Fort Lewis College is stepping up its Native American and Indigenous programming with the help of a $950,000 grant from the Andrew W. Mellon Foundation.

FLC plans to use the grant money to add new permanent positions in the Native American and Indigenous Studies Department, launch a new social justice curriculum and offer financial assistance to students transferring from community colleges. The expansion is part of the college’s focus on enhancing diversity, equity and inclusion for students and staff members.

“What we really want to do is empower our Native American and Indigenous students to feel like they can shape the world as they leave Fort Lewis,” said Cheryl Nixon, provost and vice president of academic affairs.

The Mellon Foundation reached out to FLC about grant opportunities in January as part of its 2020 goal to direct grants toward social justice causes.

The college responded with a grant proposal to build capacity in the Native American and Indigenous Studies Department, housed within the arts and humanities. The proposal was accepted in June and the money was released Thursday.

Over three years, FLC plans to use the grant money to hire a new cohort of Native American and Indigenous faculty, offering three permanent positions and a rotating, visiting faculty position in the NAIS department.

“The Mellon just was a great opportunity for us ... to try to build our Native American Indigenous Studies Department,” Nixon said.

The faculty cohort will help teach undergraduate classes about Native American studies, classes on language, literature and the college’s boarding school history.

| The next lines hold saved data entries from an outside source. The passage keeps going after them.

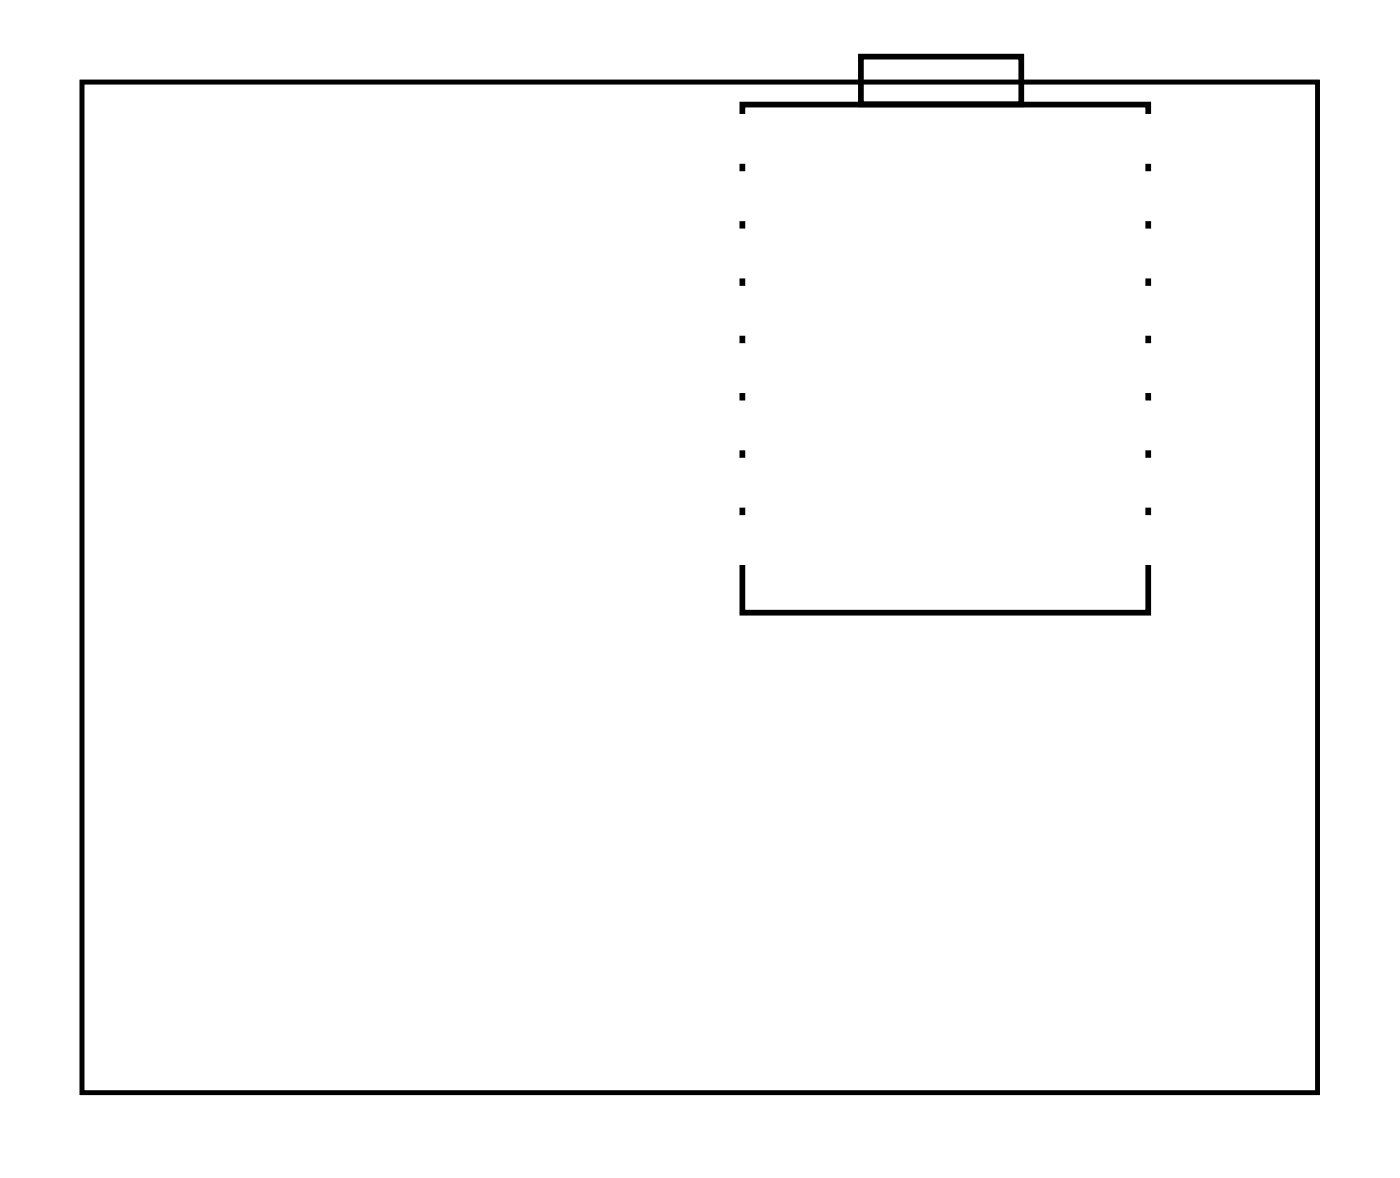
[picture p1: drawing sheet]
<svg xmlns="http://www.w3.org/2000/svg" width="62mm" height="52mm" viewBox="0 0 62 52" stroke-linecap="round" stroke-linejoin="round" font-family="sans-serif">
<path d="M3.6 3.6h54.8v44.8h-54.8z" fill="none" stroke="#000" stroke-width=".2"/>
<path d="M3.6 3.6v44.8h54.8v-44.8zM3.6 3.6h54.8v44.8h-54.8z" fill="#000"/>
<path d="M32.9 4.6h18v.8l-1.2 .8 1.2 .8v.9l-1.2 .9 1.2 .7v1l-1.2 .7 1.2 .9v1l-1.3 .7 1.3 .8v1l-1.2 .7 1.2 .8v1l-1.2 .8 1.2 .7v1l-1.2 .8 1.2 .8v1l-1.2 .8 1.2 .7v2.5h-18v-2.5l1.2-.8-1.2-.7v-1l1.1-.8-1.1-.8v-1l1.1-.7-1.1-.9v-1l1.2-.7-1.2-.8v-.9l1.2-.8-1.2-.8v-1l1.2-.8-1.2-.8v-.9l1.1-.9-1.1-.7v-.9l1.1-.9-1.1-.7zM38.2 2.5h7.1v2.1h-7.1z" fill="none" stroke="#000" stroke-width=".25"/>
<circle cx="10.8" cy="39.2" r=".62" fill="#fff"/>
<circle cx="10.8" cy="39.2" r=".62" fill="none" stroke="#fff" stroke-width=".69" stroke-linecap="butt"/>
<circle cx="13.4" cy="39.2" r=".62" fill="#fff"/>
<circle cx="13.4" cy="39.2" r=".62" fill="none" stroke="#fff" stroke-width=".69" stroke-linecap="butt"/>
<circle cx="15.9" cy="39.2" r=".62" fill="#fff"/>
<circle cx="15.9" cy="39.2" r=".62" fill="none" stroke="#fff" stroke-width=".69" stroke-linecap="butt"/>
<circle cx="18.4" cy="39.2" r=".62" fill="#fff"/>
<circle cx="18.4" cy="39.2" r=".62" fill="none" stroke="#fff" stroke-width=".69" stroke-linecap="butt"/>
<circle cx="21" cy="39.2" r=".62" fill="#fff"/>
<circle cx="21" cy="39.2" r=".62" fill="none" stroke="#fff" stroke-width=".69" stroke-linecap="butt"/>
<circle cx="23.5" cy="39.2" r=".62" fill="#fff"/>
<circle cx="23.5" cy="39.2" r=".62" fill="none" stroke="#fff" stroke-width=".69" stroke-linecap="butt"/>
<circle cx="31.1" cy="31.6" r="1" fill="#fff"/>
<circle cx="31.1" cy="31.6" r="1" fill="none" stroke="#fff" stroke-width=".76" stroke-linecap="butt"/>
<circle cx="33.7" cy="31.6" r="1" fill="#fff"/>
<circle cx="33.7" cy="31.6" r="1" fill="none" stroke="#fff" stroke-width=".76" stroke-linecap="butt"/>
<circle cx="31.1" cy="36.6" r="1" fill="#fff"/>
<circle cx="31.1" cy="36.6" r="1" fill="none" stroke="#fff" stroke-width=".76" stroke-linecap="butt"/>
<circle cx="33.7" cy="36.6" r="1" fill="#fff"/>
<circle cx="33.7" cy="36.6" r="1" fill="none" stroke="#fff" stroke-width=".76" stroke-linecap="butt"/>
<circle cx="41.3" cy="39.2" r="1" fill="#fff"/>
<circle cx="41.3" cy="39.2" r="1" fill="none" stroke="#fff" stroke-width=".76" stroke-linecap="butt"/>
<circle cx="43.8" cy="39.2" r="1" fill="#fff"/>
<circle cx="43.8" cy="39.2" r="1" fill="none" stroke="#fff" stroke-width=".76" stroke-linecap="butt"/>
<circle cx="46.4" cy="39.2" r="1" fill="#fff"/>
<circle cx="46.4" cy="39.2" r="1" fill="none" stroke="#fff" stroke-width=".76" stroke-linecap="butt"/>
<circle cx="48.9" cy="39.2" r="1" fill="#fff"/>
<circle cx="48.9" cy="39.2" r="1" fill="none" stroke="#fff" stroke-width=".76" stroke-linecap="butt"/>
<circle cx="51.5" cy="39.2" r="1" fill="#fff"/>
<circle cx="51.5" cy="39.2" r="1" fill="none" stroke="#fff" stroke-width=".76" stroke-linecap="butt"/>
<circle cx="41.3" cy="39.2" r="1" fill="#fff"/>
<circle cx="41.3" cy="39.2" r="1" fill="none" stroke="#fff" stroke-width=".76" stroke-linecap="butt"/>
<circle cx="43.8" cy="39.2" r="1" fill="#fff"/>
<circle cx="43.8" cy="39.2" r="1" fill="none" stroke="#fff" stroke-width=".76" stroke-linecap="butt"/>
<circle cx="46.4" cy="39.2" r="1" fill="#fff"/>
<circle cx="46.4" cy="39.2" r="1" fill="none" stroke="#fff" stroke-width=".76" stroke-linecap="butt"/>
<circle cx="48.9" cy="39.2" r="1" fill="#fff"/>
<circle cx="48.9" cy="39.2" r="1" fill="none" stroke="#fff" stroke-width=".76" stroke-linecap="butt"/>
<circle cx="51.5" cy="39.2" r="1" fill="#fff"/>
<circle cx="51.5" cy="39.2" r="1" fill="none" stroke="#fff" stroke-width=".76" stroke-linecap="butt"/>
<path d="M32.1 5.2h3.2v1.9h-3.2z" fill="#fff"/>
<path d="M32.1 5.2h3.2v1.9h-3.2z" fill="none" stroke="#fff" stroke-width=".25"/>
<path d="M32.1 7.7h3.2v2h-3.2z" fill="#fff"/>
<path d="M32.1 7.7h3.2v2h-3.2z" fill="none" stroke="#fff" stroke-width=".25"/>
<path d="M32.1 10.3h3.2v1.9h-3.2z" fill="#fff"/>
<path d="M32.1 10.3h3.2v1.9h-3.2z" fill="none" stroke="#fff" stroke-width=".25"/>
<path d="M32.1 12.8h3.2v2h-3.2z" fill="#fff"/>
<path d="M32.1 12.8h3.2v2h-3.2z" fill="none" stroke="#fff" stroke-width=".25"/>
<path d="M32.1 15.3h3.2v2h-3.2z" fill="#fff"/>
<path d="M32.1 15.3h3.2v2h-3.2z" fill="none" stroke="#fff" stroke-width=".25"/>
<path d="M32.1 17.9h3.2v1.9h-3.2z" fill="#fff"/>
<path d="M32.1 17.9h3.2v1.9h-3.2z" fill="none" stroke="#fff" stroke-width=".25"/>
<path d="M32.1 20.4h3.2v2h-3.2z" fill="#fff"/>
<path d="M32.1 20.4h3.2v2h-3.2z" fill="none" stroke="#fff" stroke-width=".25"/>
<path d="M32.1 23h3.2v1.9h-3.2z" fill="#fff"/>
<path d="M32.1 23h3.2v1.9h-3.2z" fill="none" stroke="#fff" stroke-width=".25"/>
<path d="M48.6 23h3.3v1.9h-3.3z" fill="#fff"/>
<path d="M48.6 23h3.3v1.9h-3.3z" fill="none" stroke="#fff" stroke-width=".25"/>
<path d="M48.6 20.4h3.3v2h-3.3z" fill="#fff"/>
<path d="M48.6 20.4h3.3v2h-3.3z" fill="none" stroke="#fff" stroke-width=".25"/>
<path d="M48.6 17.9h3.3v1.9h-3.3z" fill="#fff"/>
<path d="M48.6 17.9h3.3v1.9h-3.3z" fill="none" stroke="#fff" stroke-width=".25"/>
<path d="M48.6 15.3h3.3v2h-3.3z" fill="#fff"/>
<path d="M48.6 15.3h3.3v2h-3.3z" fill="none" stroke="#fff" stroke-width=".25"/>
<path d="M48.6 12.8h3.3v2h-3.3z" fill="#fff"/>
<path d="M48.6 12.8h3.3v2h-3.3z" fill="none" stroke="#fff" stroke-width=".25"/>
<path d="M48.6 10.3h3.3v1.9h-3.3z" fill="#fff"/>
<path d="M48.6 10.3h3.3v1.9h-3.3z" fill="none" stroke="#fff" stroke-width=".25"/>
<path d="M48.6 7.7h3.3v2h-3.3z" fill="#fff"/>
<path d="M48.6 7.7h3.3v2h-3.3z" fill="none" stroke="#fff" stroke-width=".25"/>
<path d="M48.6 5.2h3.3v1.9h-3.3z" fill="#fff"/>
<path d="M48.6 5.2h3.3v1.9h-3.3z" fill="none" stroke="#fff" stroke-width=".25"/>
<circle cx="31.1" cy="6.1" r=".7" fill="#fff"/>
<circle cx="31.1" cy="6.1" r=".7" fill="none" stroke="#fff" stroke-width=".76" stroke-linecap="butt"/>
<circle cx="31.1" cy="8.7" r=".7" fill="#fff"/>
<circle cx="31.1" cy="8.7" r=".7" fill="none" stroke="#fff" stroke-width=".76" stroke-linecap="butt"/>
<circle cx="43.9" cy="36.7" r=".7" fill="#fff"/>
<circle cx="43.9" cy="36.7" r=".7" fill="none" stroke="#fff" stroke-width=".76" stroke-linecap="butt"/>
<circle cx="41.3" cy="36.7" r=".7" fill="#fff"/>
<circle cx="41.3" cy="36.7" r=".7" fill="none" stroke="#fff" stroke-width=".76" stroke-linecap="butt"/>
</svg>

Fort Lewis became a boarding school in 1891 after serving as a military post in conflicts between Native American tribes and Western settlers. Boarding schools forcibly separated Native Americans from their culture, traditions and languages. Fort Lewis boarding school closed in 1910.

“This is an exciting time for FLC and Native American and Indigenous Studies since our Native students have been asking for more faculty who look like them and who can identify with them,” said Lee Bitsóí, associate vice president for diversity affairs and special adviser to the president for Indigenous affairs. “In addition, with more Native faculty, we will be able to provide more curricular offerings throughout the college.”

In the new “Research and Reconciliation” social justice program, undergraduate students will have the opportunity to participate in summer programs, with financial assistance if applicable, then join a subsequent paid research assistantship. They will also have access to permanent new courses focused on Native American and Indigenous language, storytelling and history.

“We were trying to create a program that would get students really involved and excited about doing new types of research,” Nixon said.

The third aspect of the grant proposal focuses on helping students at community colleges attain a four-year degree.

The college will use grant money to offer financial support for transfer students from the Four Corners to FLC. The financial assistance focuses on Native American students, and first-generation college students and other students of color, Nixon said.

As part of FLC’s diversity, equity and inclusion goals, the college is creating training modules for students, faculty and staff members to understand the school’s history as a federal Native American boarding school and the origins of the Native American tuition waiver, Bitsóí said.

“We have a diversity, equity and inclusion plan that includes creating a holistic framework to ensure a strong sense of safety and belonging on the FLC campus,” Bitsóí said. “These training modules will clear up any misconceptions or misunderstandings by non-Native students, staff and faculty.”

With the Mellon Foundation grant, FLC will be able to engage with its history in new ways. Students will have new tools to study connection, reconciliation and what it means to be human in the arts and humanities courses, Nixon said.

“How do we come to terms with that and work it into our curriculum? How do we have students reimagine new futures and possibilities?” Nixon said.

It’s about coming together to come to terms with difficult questions, she said.

“Once students know how to do that, they can leave Fort Lewis and take on anything,” Nixon said.